Старик — теперь я заметил — уже успел хлебнуть. Генка был красный, стеснялся родителя, но пока помалкивал.

Гости, а точнее — родичи, что набивались в комнату, были двух мастей: отцовские — интеллигенция и материнские — Трехгорка. Генкина тетка, врачиха Лидия, долго обнимала брата, целовалась с ним и плакала. Только и слышалось:

— Вова… Леня… Вовочка… Леня…

Леня был ее мужем, майором медслужбы. В сорок третьем году осенью он вдруг ни с того ни с сего застрелился на дежурстве в харьковском госпитале. Их мальчишке даже пенсии не положили. А Вова — это Генкин брат, который считается пропавшим без вести.

Петр Васильевич гладил сестру по голове, и у самого тоже текли слезы. Вдруг я заметил, что он похож на Козлова, только старше, как-то помягче, домашнее. Но все равно мне не по себе стало. Вот так теперь всюду-всюду натыкайся на Павла Ильича…

Брат Генкиного отца, Вениамин, был худой, изможденный инженер-химик, на две головы выше подполковника, а супруга у него была, видно, из бывших красавиц, располневшая, крашеная (небось, перекисью водорода). Было ясно, что муж у нее под туфлей и что она его родней требует.

Трехгорка — та была попроще. Женщины целовались громко, а мужиков было только двое: один молодой, мастер прядильного цеха, он от фронта имел броню, а второй с перчаткой вместо руки и с повязкой на глазу — бывший сапожник Семен.
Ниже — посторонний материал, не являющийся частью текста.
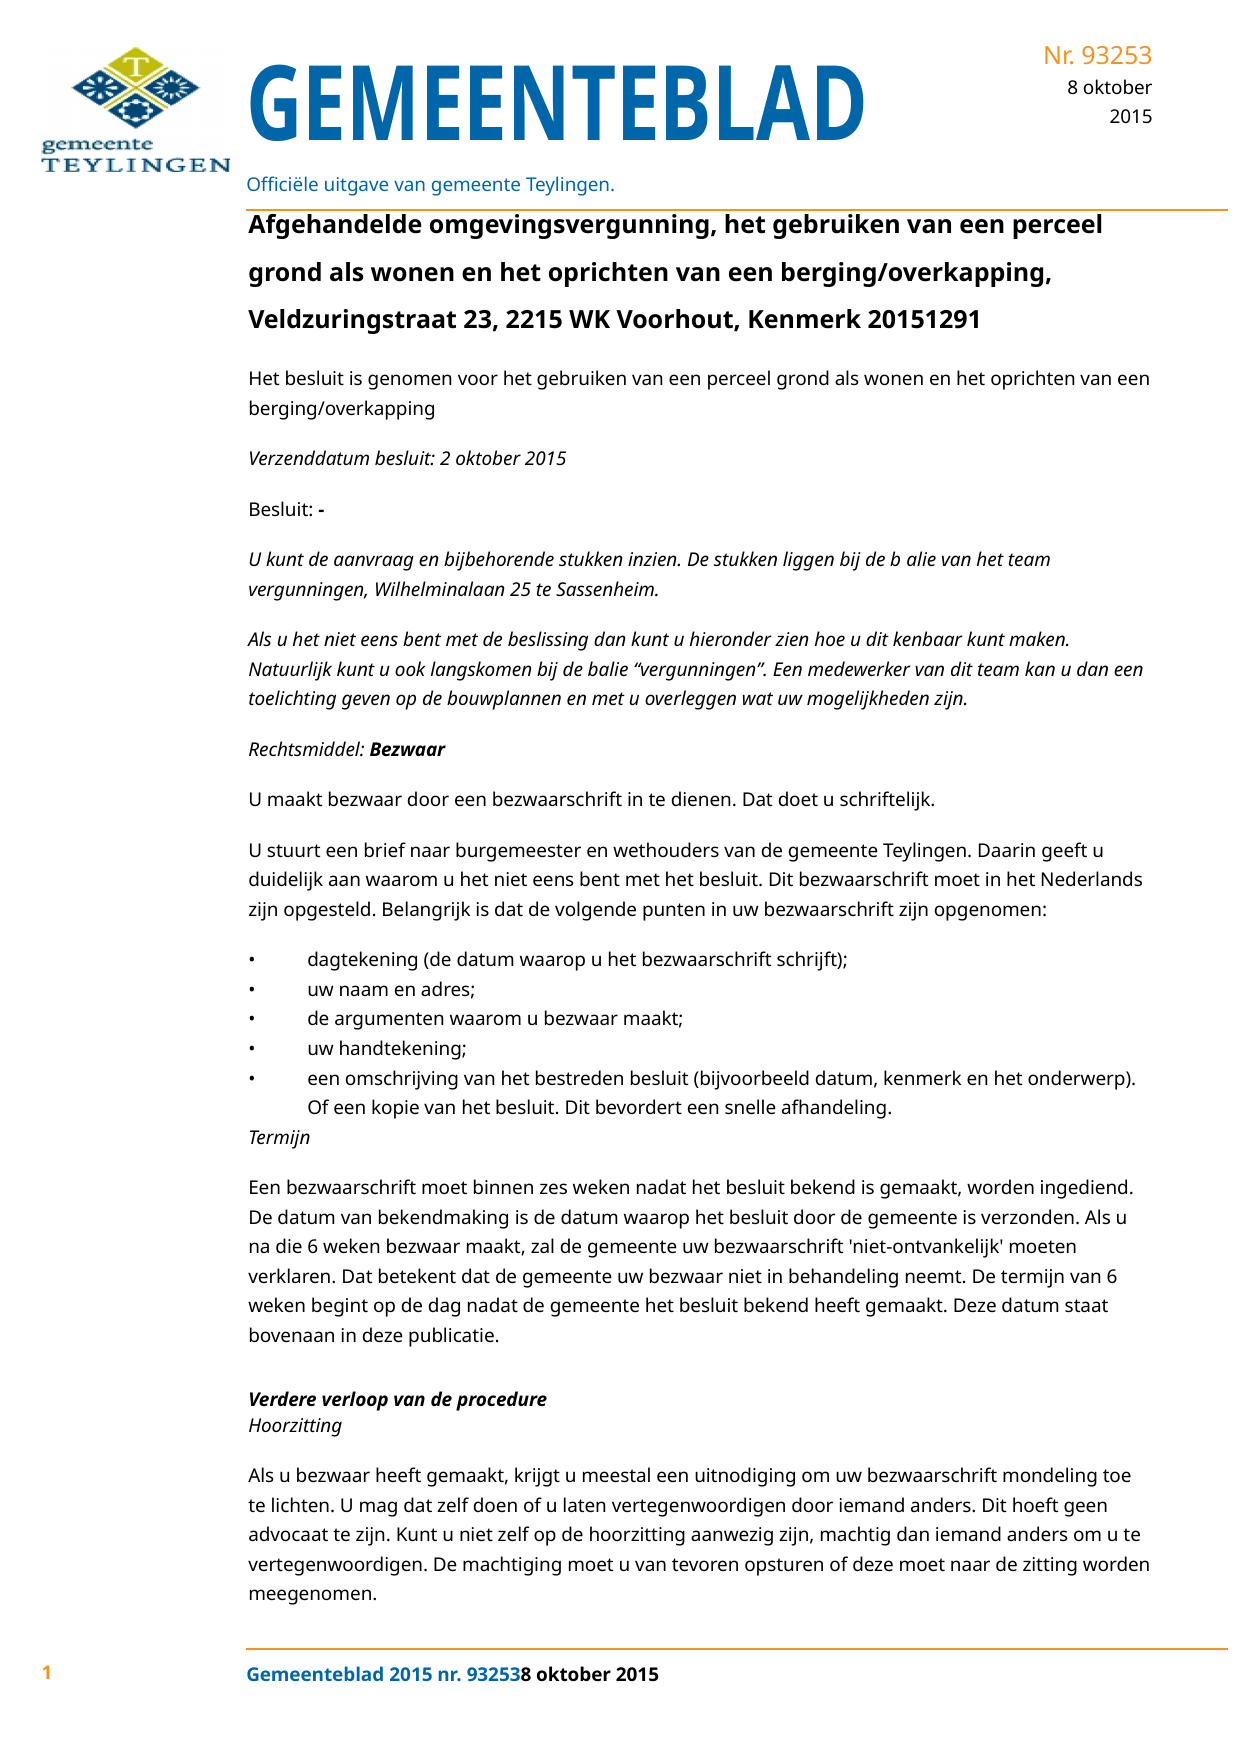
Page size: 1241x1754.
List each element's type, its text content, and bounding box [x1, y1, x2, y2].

picture [41, 47, 231, 172]
text Besluit: - [248, 496, 1152, 522]
text U maakt bezwaar door een bezwaarschrift in te dienen. Dat doet u schriftelijk. [248, 786, 1152, 812]
list dagtekening (de datum waarop u het bezwaarschrift schrijft); [248, 946, 1152, 972]
text Rechtsmiddel: Bezwaar [248, 736, 1152, 762]
text Als u het niet eens bent met de beslissing dan kunt u hieronder zien hoe u dit kenbaar kunt maken. Natuurlijk kunt u ook langskomen bij de balie “vergunningen”. Een medewerker van dit team kan u dan een toelichting geven op de bouwplannen en met u overleggen wat uw mogelijkheden zijn. [248, 626, 1152, 711]
list de argumenten waarom u bezwaar maakt; [248, 1006, 1152, 1031]
text Hoorzitting [248, 1412, 1152, 1438]
list een omschrijving van het bestreden besluit (bijvoorbeeld datum, kenmerk en het onderwerp). Of een kopie van het besluit. Dit bevordert een snelle afhandeling. [248, 1065, 1152, 1120]
text U stuurt een brief naar burgemeester en wethouders van de gemeente Teylingen. Daarin geeft u duidelijk aan waarom u het niet eens bent met het besluit. Dit bezwaarschrift moet in het Nederlands zijn opgesteld. Belangrijk is dat de volgende punten in uw bezwaarschrift zijn opgenomen: [248, 837, 1152, 922]
text Verdere verloop van de procedure [248, 1386, 1152, 1412]
text Als u bezwaar heeft gemaakt, krijgt u meestal een uitnodiging om uw bezwaarschrift mondeling toe te lichten. U mag dat zelf doen of u laten vertegenwoordigen door iemand anders. Dit hoeft geen advocaat te zijn. Kunt u niet zelf op de hoorzitting aanwezig zijn, machtig dan iemand anders om u te vertegenwoordigen. De machtiging moet u van tevoren opsturen of deze moet naar de zitting worden meegenomen. [248, 1462, 1152, 1606]
text Afgehandelde omgevingsvergunning, het gebruiken van een perceel grond als wonen en het oprichten van een berging/overkapping, Veldzuringstraat 23, 2215 WK Voorhout, Kenmerk 20151291 [248, 211, 1152, 336]
text Termijn [248, 1124, 1152, 1149]
list uw naam en adres; [248, 976, 1152, 1002]
text Verzenddatum besluit: 2 oktober 2015 [248, 446, 1152, 471]
list uw handtekening; [248, 1035, 1152, 1061]
text Het besluit is genomen voor het gebruiken van een perceel grond als wonen en het oprichten van een berging/overkapping [248, 366, 1152, 421]
text U kunt de aanvraag en bijbehorende stukken inzien. De stukken liggen bij de b alie van het team vergunningen, Wilhelminalaan 25 te Sassenheim. [248, 546, 1152, 602]
text Een bezwaarschrift moet binnen zes weken nadat het besluit bekend is gemaakt, worden ingediend. De datum van bekendmaking is de datum waarop het besluit door de gemeente is verzonden. Als u na die 6 weken bezwaar maakt, zal de gemeente uw bezwaarschrift 'niet-ontvankelijk' moeten verklaren. Dat betekent dat de gemeente uw bezwaar niet in behandeling neemt. De termijn van 6 weken begint op de dag nadat de gemeente het besluit bekend heeft gemaakt. Deze datum staat bovenaan in deze publicatie. [248, 1174, 1152, 1348]

Теперь он промышлял на Тишинке.

— Привет, борона, — кивнул мне, потом хлопнул Генкиного родителя здоровой рукой и сказал: — Молодец, Петя, что жив остался. Будет у кого закусить и выпить.

— Скажешь тоже, — фыркнула его жена. — Горе с ним, Петр Васильич. Стакана теперь из руки не выпускает.
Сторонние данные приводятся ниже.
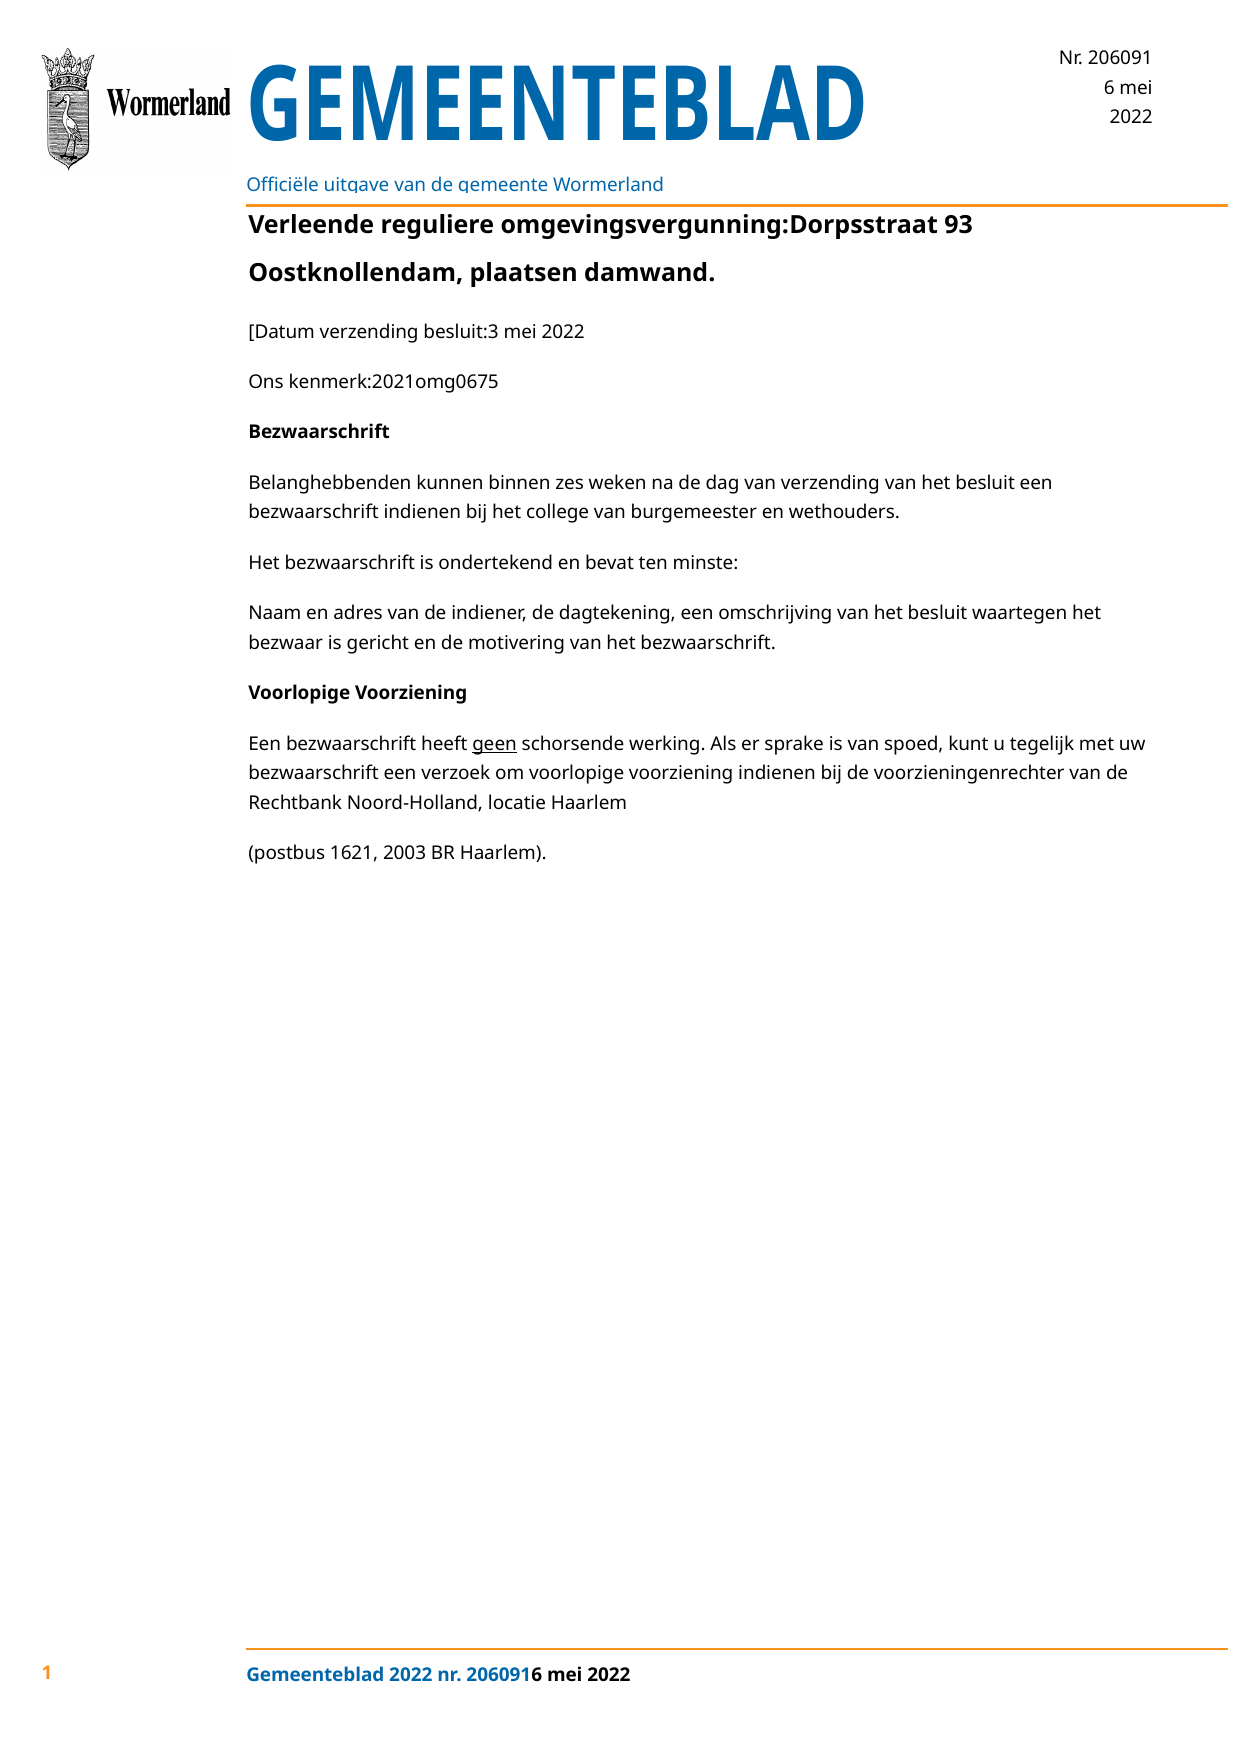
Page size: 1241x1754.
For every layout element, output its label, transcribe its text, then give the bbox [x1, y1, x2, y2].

text Voorlopige Voorziening [248, 679, 1152, 705]
text Een bezwaarschrift heeft geen schorsende werking. Als er sprake is van spoed, kunt u tegelijk met uw bezwaarschrift een verzoek om voorlopige voorziening indienen bij de voorzieningenrechter van de Rechtbank Noord-Holland, locatie Haarlem [248, 730, 1152, 815]
text Bezwaarschrift [248, 419, 1152, 444]
text Ons kenmerk:2021omg0675 [248, 368, 1152, 394]
text [Datum verzending besluit:3 mei 2022 [248, 318, 1152, 344]
text Belanghebbenden kunnen binnen zes weken na de dag van verzending van het besluit een bezwaarschrift indienen bij het college van burgemeester en wethouders. [248, 469, 1152, 524]
picture [41, 47, 231, 172]
text Het bezwaarschrift is ondertekend en bevat ten minste: [248, 549, 1152, 575]
text (postbus 1621, 2003 BR Haarlem). [248, 839, 1152, 865]
text Naam en adres van de indiener, de dagtekening, een omschrijving van het besluit waartegen het bezwaar is gericht en de motivering van het bezwaarschrift. [248, 599, 1152, 655]
text Verleende reguliere omgevingsvergunning:Dorpsstraat 93 Oostknollendam, plaatsen damwand. [248, 207, 1152, 288]

— Ну, повезло-поехало, — сказал ей Семен, точь-в-точь как Вячин своей матери, но тут же улыбнулся: — Что ж, приступим, товарищи. С возвращением полководца. Только борону, — он ткнул в меня протезом, — рядом не сажайте.

— Ты чего к человеку привязался? — вступилась Генкина мать.

— Молчи, Клаша, — сказал Семен, садясь первым за стол. Он уже вооружился вилкой и подхватил с краю кусок рыбехи. — Прошлый раз, Клаша, у меня чуть кишки не свело. Ты бы слыхала, чего Валерка заливал про евреев.

Я покраснел. Черт дернул меня однажды напиться с этим спикулем. У меня была одна собственная мысль. Я ее сам долго выводил и вдруг спьяну выложил этому дураку. И вот теперь он ее поганил. И я — тоже хорош! Ведь давно дал слово не говорить о евреях с инвалидами. Еще в Сибири зарекся. Мы как-то летом сидели с ребятами в библиотеке Дворца металлургов. Весь дворец пустили под госпиталь, только библиотеку оставили. Ход в нее был через парк. Там паслись раненые. Один безногий, совсем еще пацан, поманил меня, когда мы домой шли, и костылем показал на моего кореша Мишку Израйлита:

— Ты чего с жидом ходишь?

Я молча ушел. Чего было делать? Этот раненый и с ногами был, видно, лядащенький. Я, пятнадцатилетний, ей-богу сковырнул бы его одним пальцем. Но инвалидов уже поздно отучать от антисемитизма.

— Ты очекурел бы, Петя, — забавлялся Семен, набивая рот черняшкой. — Умников поразвелось. Такое скажут… Жидов, говорит, мы не любим оттого, что от немцев не уберегли. Стыдно, говорит, мол, нам, русским, что их спасти не могли. Из-за стыда их, пархачей, и ненавидим. А почему стыдно? Мне вот не стыдно! На, гляди! — Он поднял правую руку и перекрестил ее у плеча протезом. Получилось неприлично. Только, по-моему, не все заметили, а может, не поняли. Один Генка покраснел.